Mothers and Other Liars
- Author: Amy Bourret
- Language: English
- Publisher: St. Martin's Griffin
- Publication date: 3 August 2010
- Publication place: United States
- Media type: Print (Paperback)
- Pages: 288 pp (first edition, paperback)
- ISBN: 0312586582

= Mothers and Other Liars =

Mothers and Other Liars is the debut novel from Amy Bourret. It is about a woman who finds an abandoned baby at a rest stop and decides to raise the child as her own. The book was published in August 2010 by St. Martin's Griffin.

==Plot==
The story focuses on Ruby Leander, a nineteen-year-old runaway, who finds a baby in the trash at an Oklahoma rest stop. She makes a split-second decision to take the child as her own, rescuing it from a life of abandonment like her own. Ten years later, she has built a life for herself and her daughter, Lark, in Santa Fe, New Mexico. She works as a manicurist and has a steady relationship with boyfriend of three years, Chaz, and is expecting his child. Ruby has told her daughter that her father died in an accident. However, she is forced to face her past when she reads an article in a magazine that shows her daughter as a missing child, thought to have been kidnapped by carjackers. She must decide whether to come clean about Lark's origins or continue to live the lie. She decides to tell Lark how she found her in a car seat dumped in a trash can, that she is not her biological mother, and that the childcare authorities were not involved in any way with her apparently illegitimate adoption.

==Development==
The inspiration for this book came from Bourret's work with child advocacy organizations. She often wrote about lost children from a young age and it is a recurring theme in her recent work.

Bourret made a few half-hearted attempts at getting her manuscript published directly, before stowing it away.
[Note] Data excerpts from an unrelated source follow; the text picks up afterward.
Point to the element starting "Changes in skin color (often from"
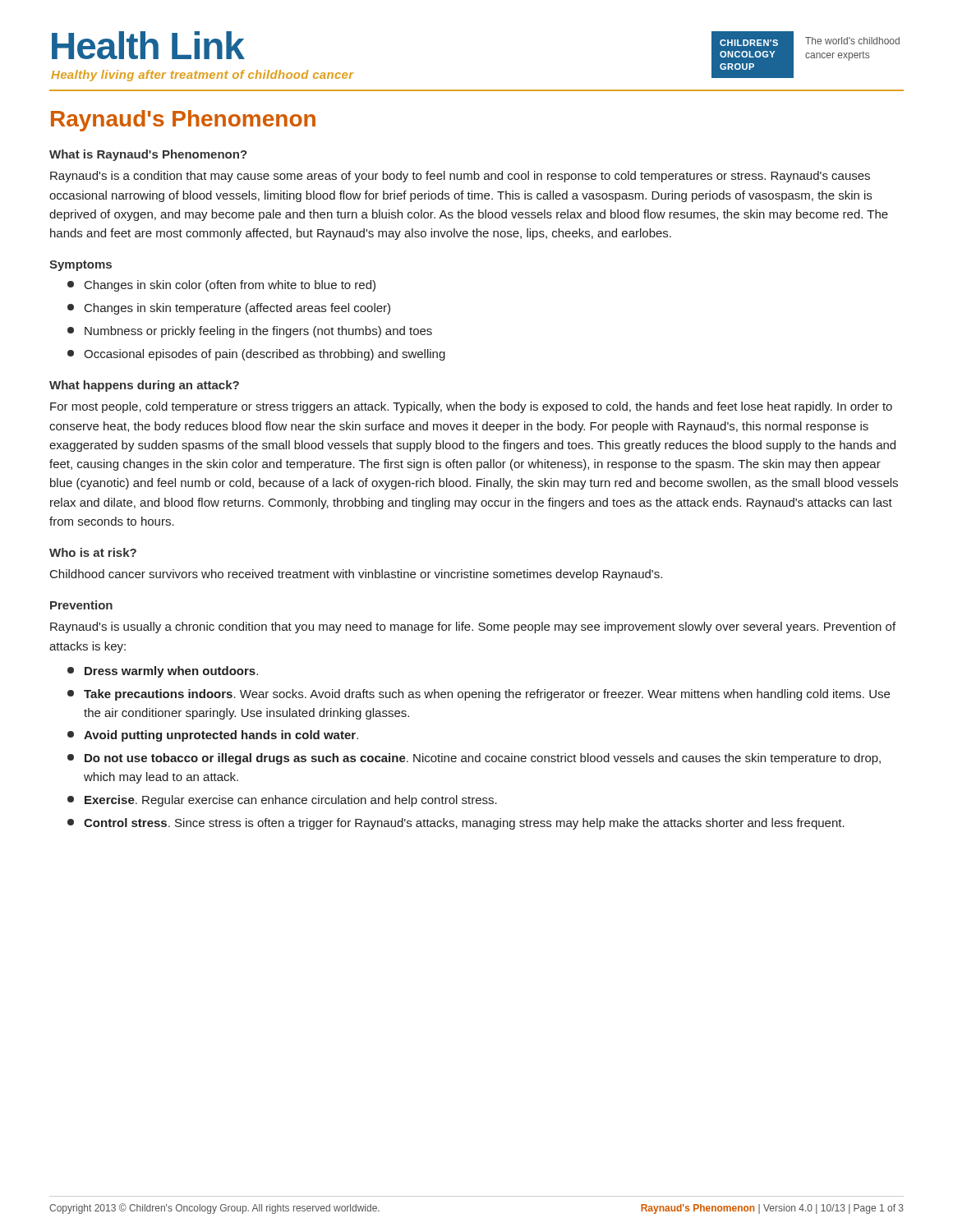pos(222,286)
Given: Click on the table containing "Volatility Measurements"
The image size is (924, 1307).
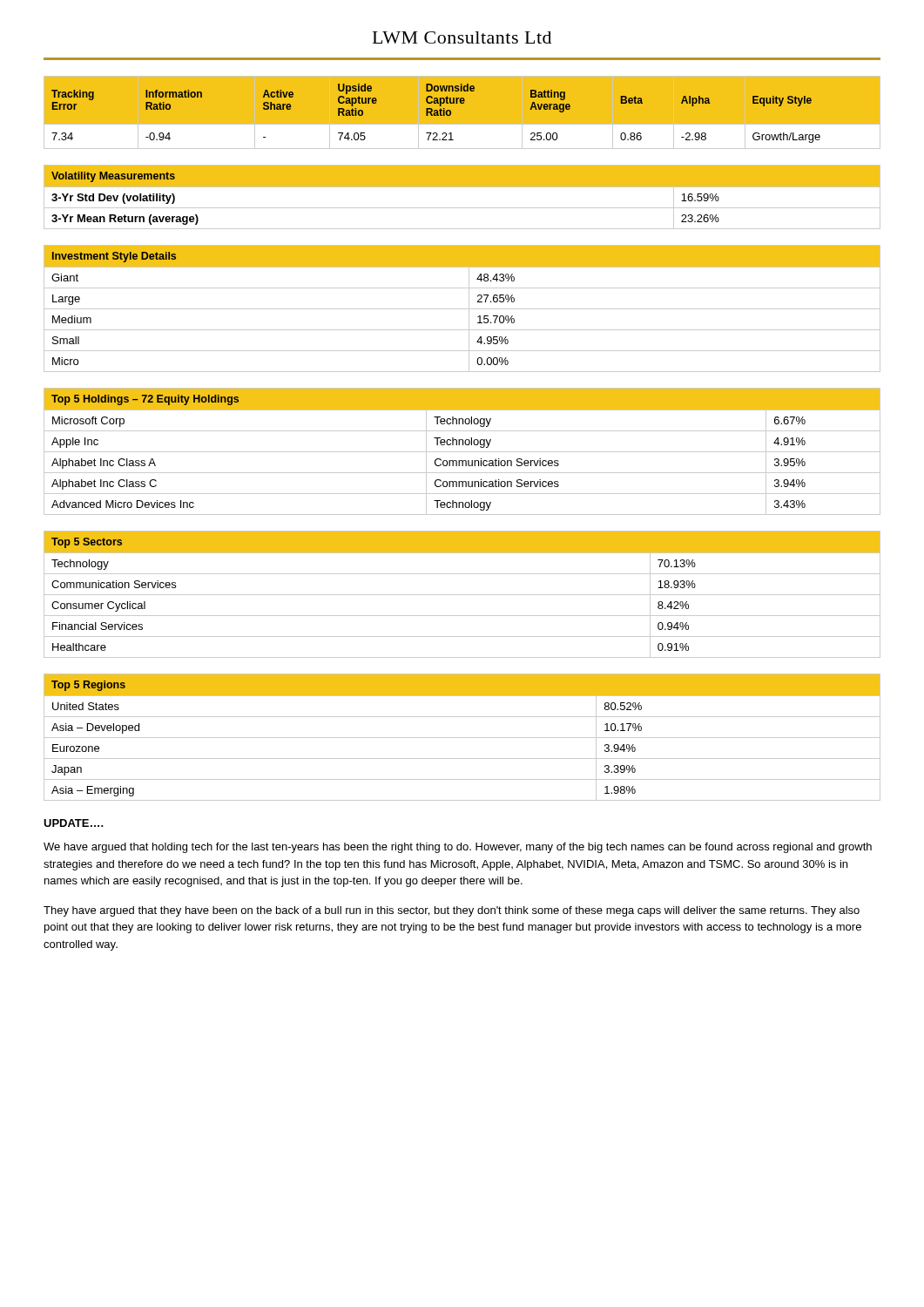Looking at the screenshot, I should (462, 197).

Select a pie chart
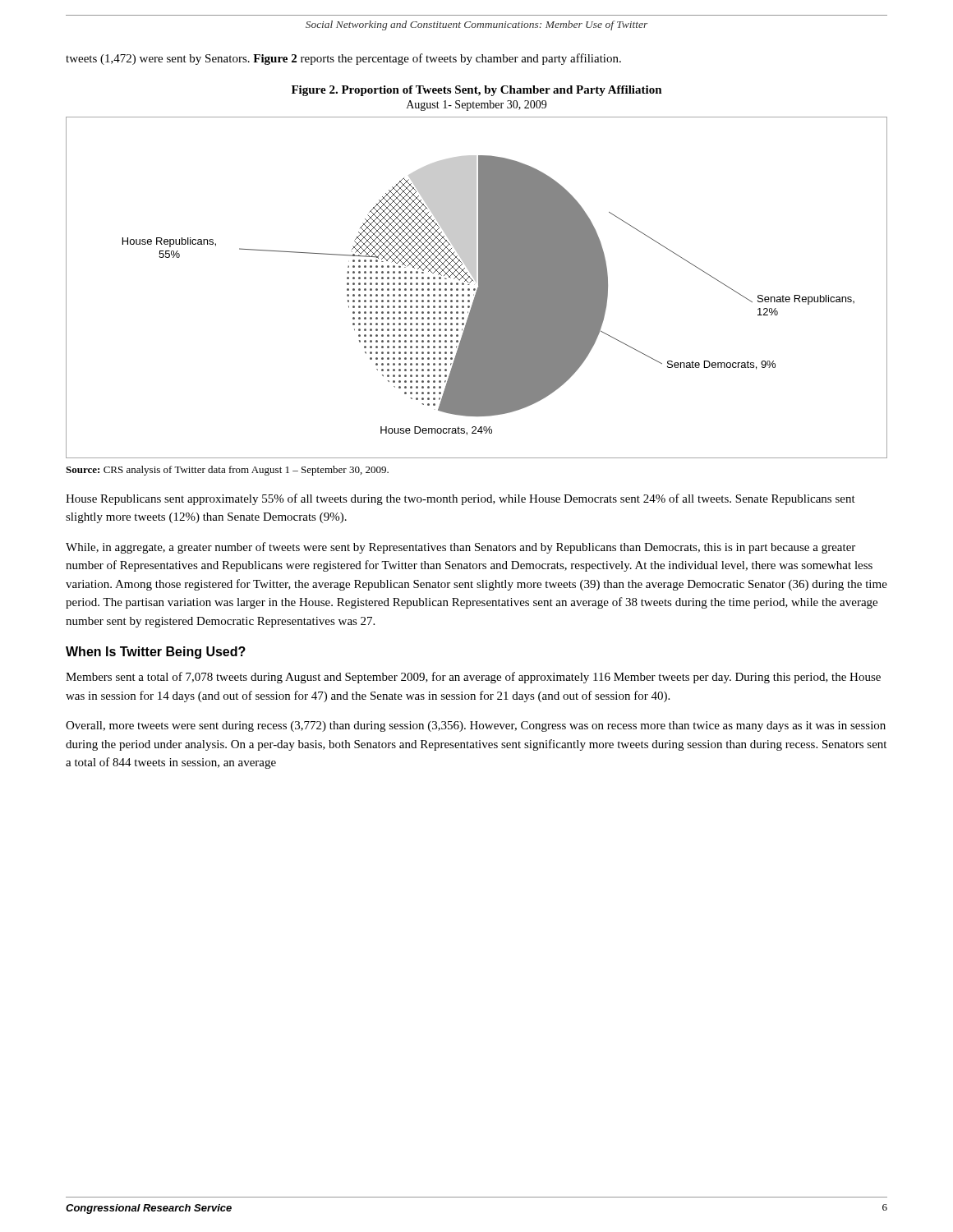(476, 287)
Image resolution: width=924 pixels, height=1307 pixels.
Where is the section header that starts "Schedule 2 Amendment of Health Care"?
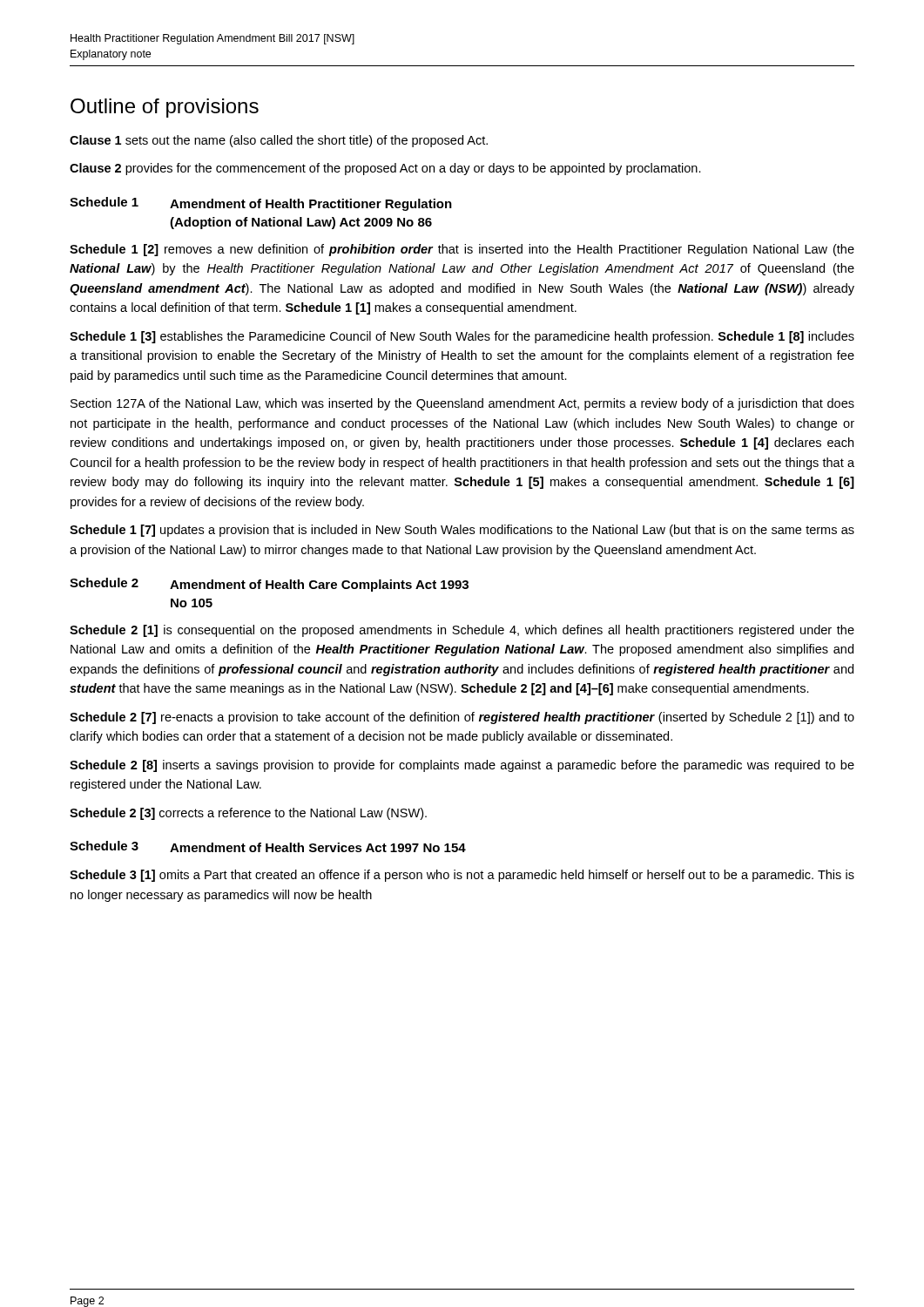pos(269,593)
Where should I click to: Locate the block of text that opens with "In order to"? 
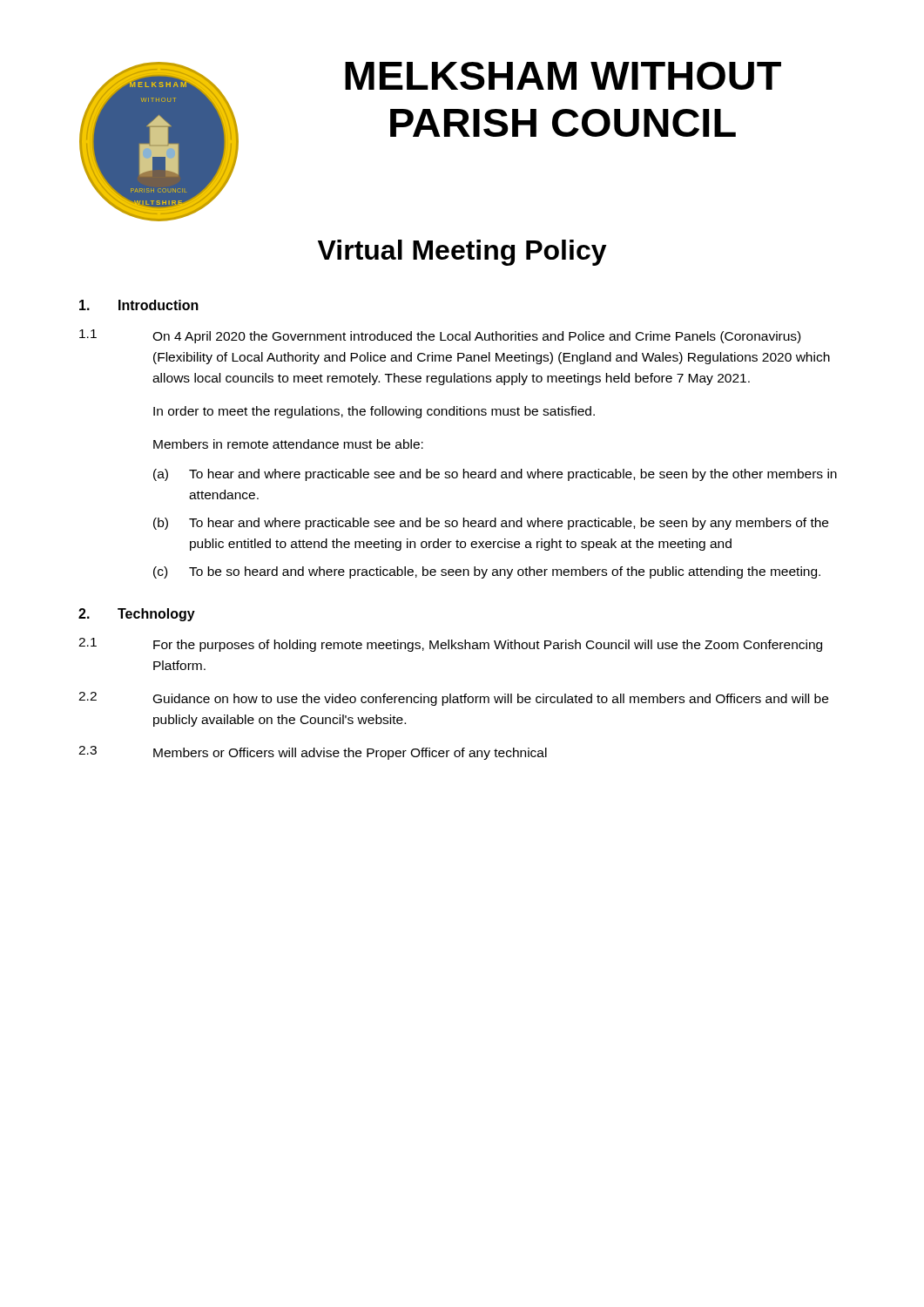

After encouragement from fellow members of a writing group, Bourret began once more trying to find an agent for her book. The manuscript was accepted by the first literary agent that read it; however, it took that agent so long to accept that Bourret had already sent the manuscript to 52 other agents, each of whom rejected it.

==Reception==
Library Journal responded positively with a "Starred Review", and stated that "Bourret nails the character development and pacing that make a good novel compelling." Comparing Bourret to Jodi Picoult, reviewer Beth Gibbs said the novel was "perfect for summer reading".